Dr. Sonam Chawla
Jaypee Institute of Information Technology , Sector 62, NOIDA, Uttar Pradesh-201309, India
The Matilda Effect refers to the historical and ongoing tendency to overlook, undervalue, or deny the contributions of women in various fields, particularly in science, while attributing similar ideas or accomplishments to their male counterparts. The term “Matilda Effect” was coined by science historian Margaret Rossiter in 1993, and it takes its name from suffragist and women’s rights advocate Matilda Joslyn Gage.
The Matilda effect highlights the systemic biases and gender discrimination that have affected the recognition and visibility of women’s achievements throughout history. Some prime examples of the Matilda Effect include cases where women’s work was ignored, downplayed, or credited to male colleagues. A notably prominent case is that of female scientist Rosalind Franklin, who played a critical role in the discovery of the DNA double helix. She was a British biophysicist and chemist who made significant contributions to the understanding of the molecular structure of DNA, RNA, viruses, coal, and graphite. Her X-ray crystallography work played a crucial role in determining the helical structure of DNA.

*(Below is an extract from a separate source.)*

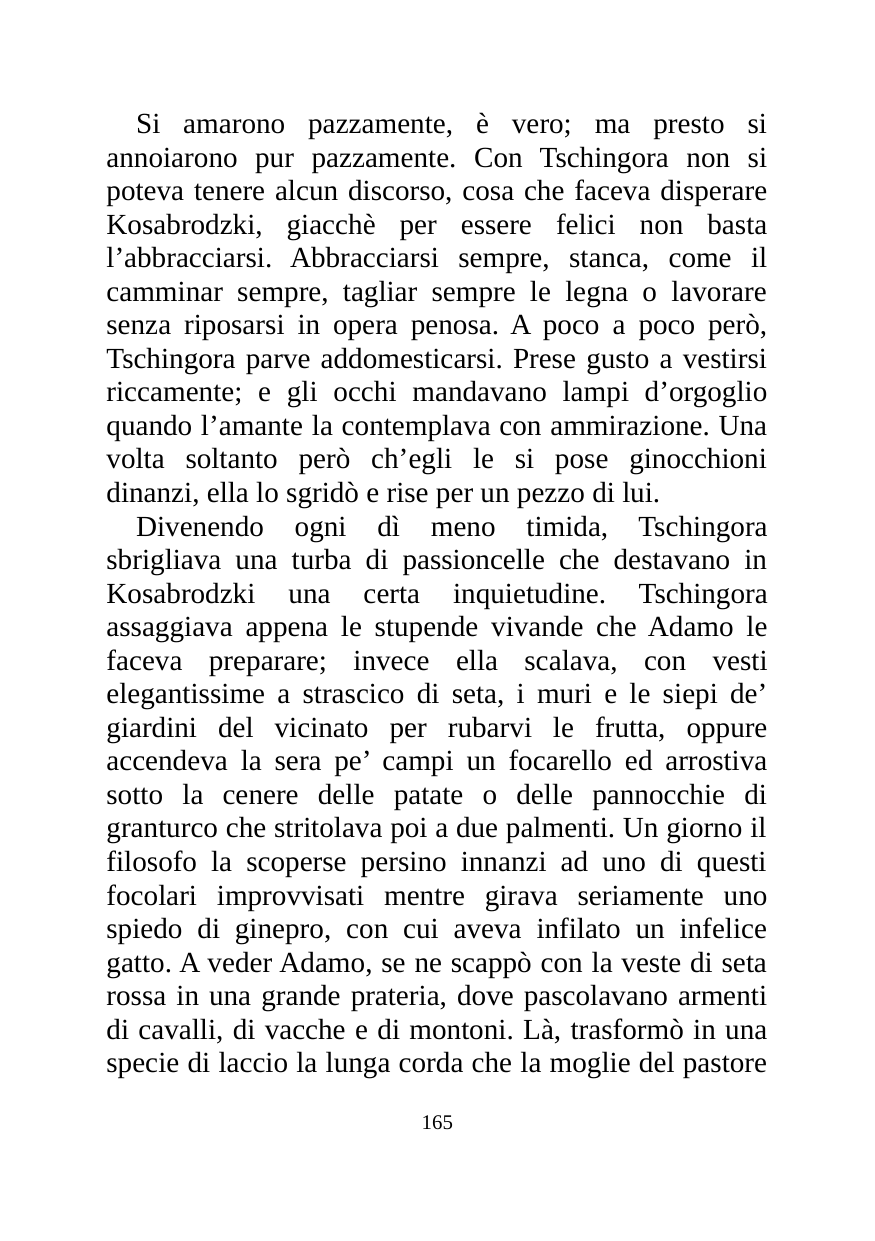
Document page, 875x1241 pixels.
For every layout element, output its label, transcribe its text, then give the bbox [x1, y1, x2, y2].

text Divenendo ogni dì meno timida, Tschingora sbrigliava una turba di passioncelle che destavano in Kosabrodzki una certa inquietudine. Tschingora assaggiava appena le stupende vivande che Adamo le faceva preparare; invece ella scalava, con vesti elegantissime a strascico di seta, i muri e le siepi de’ giardini del vicinato per rubarvi le frutta, oppure accendeva la sera pe’ campi un focarello ed arrostiva sotto la cenere delle patate o delle pannocchie di granturco che stritolava poi a due palmenti. Un giorno il filosofo la scoperse persino innanzi ad uno di questi focolari improvvisati mentre girava seriamente uno spiedo di ginepro, con cui aveva infilato un infelice gatto. A veder Adamo, se ne scappò con la veste di seta rossa in una grande prateria, dove pascolavano armenti di cavalli, di vacche e di montoni. Là, trasformò in una specie di laccio la lunga corda che la moglie del pastore [106, 509, 768, 1079]
text Si amarono pazzamente, è vero; ma presto si annoiarono pur pazzamente. Con Tschingora non si poteva tenere alcun discorso, cosa che faceva disperare Kosabrodzki, giacchè per essere felici non basta l’abbracciarsi. Abbracciarsi sempre, stanca, come il camminar sempre, tagliar sempre le legna o lavorare senza riposarsi in opera penosa. A poco a poco però, Tschingora parve addomesticarsi. Prese gusto a vestirsi riccamente; e gli occhi mandavano lampi d’orgoglio quando l’amante la contemplava con ammirazione. Una volta soltanto però ch’egli le si pose ginocchioni dinanzi, ella lo sgridò e rise per un pezzo di lui. [106, 106, 768, 509]

However, Franklin’s contributions were often overshadowed and downplayed during her lifetime. Her colleague Maurice Wilkins showed her X-ray photographs to James Watson and Francis Crick, who used this information to build their famous model of the DNA double helix. Despite her essential role in providing key data, Franklin was not given due credit when Watson and Crick published their groundbreaking paper in 1953.
This case of the Matilda Effect became more apparent when Watson and Crick received the Nobel Prize in Physiology or Medicine in 1962 for their DNA model, while Franklin was not included. It wasn’t until later that Franklin’s work gained more recognition for its significance in the discovery of DNA’s structure. In recent years, efforts have been made to highlight her contributions and to acknowledge the biases that led to the Matilda Effect in her case and in the broader scientific community.
With the proposition of 17 United Nations Sustainable Development Goals the world is trying to balance opportunities and growth for all, and hence the SDG5, or Sustainable Development Goal 5 is a crucial step to once and for all get rid of Matilda Effect. SDG 5 focuses on achieving gender equality and empowering all women and girls. Achievement of SDG5 can facilitate eliminating historical and ongoing gender biases/discrimination that have hindered women’s recognition and participation in various fields, including science, technology, engineering, and mathematics. UN and several other social scientists projected global attainment of SDG 5 by the year 2030.
However, the latest data suggests that India, including other Eastern and South East Asian Countries have made no significant progress towards attaining SDG 5. A few issues that need to be addressed by the global STEM community to can pave the way for attainment of SDG5 are:
- Underrepresentation in Authorship: Women are often underrepresented as first authors or senior authors in scientific publications, which impacts their visibility and recognition for their contributions.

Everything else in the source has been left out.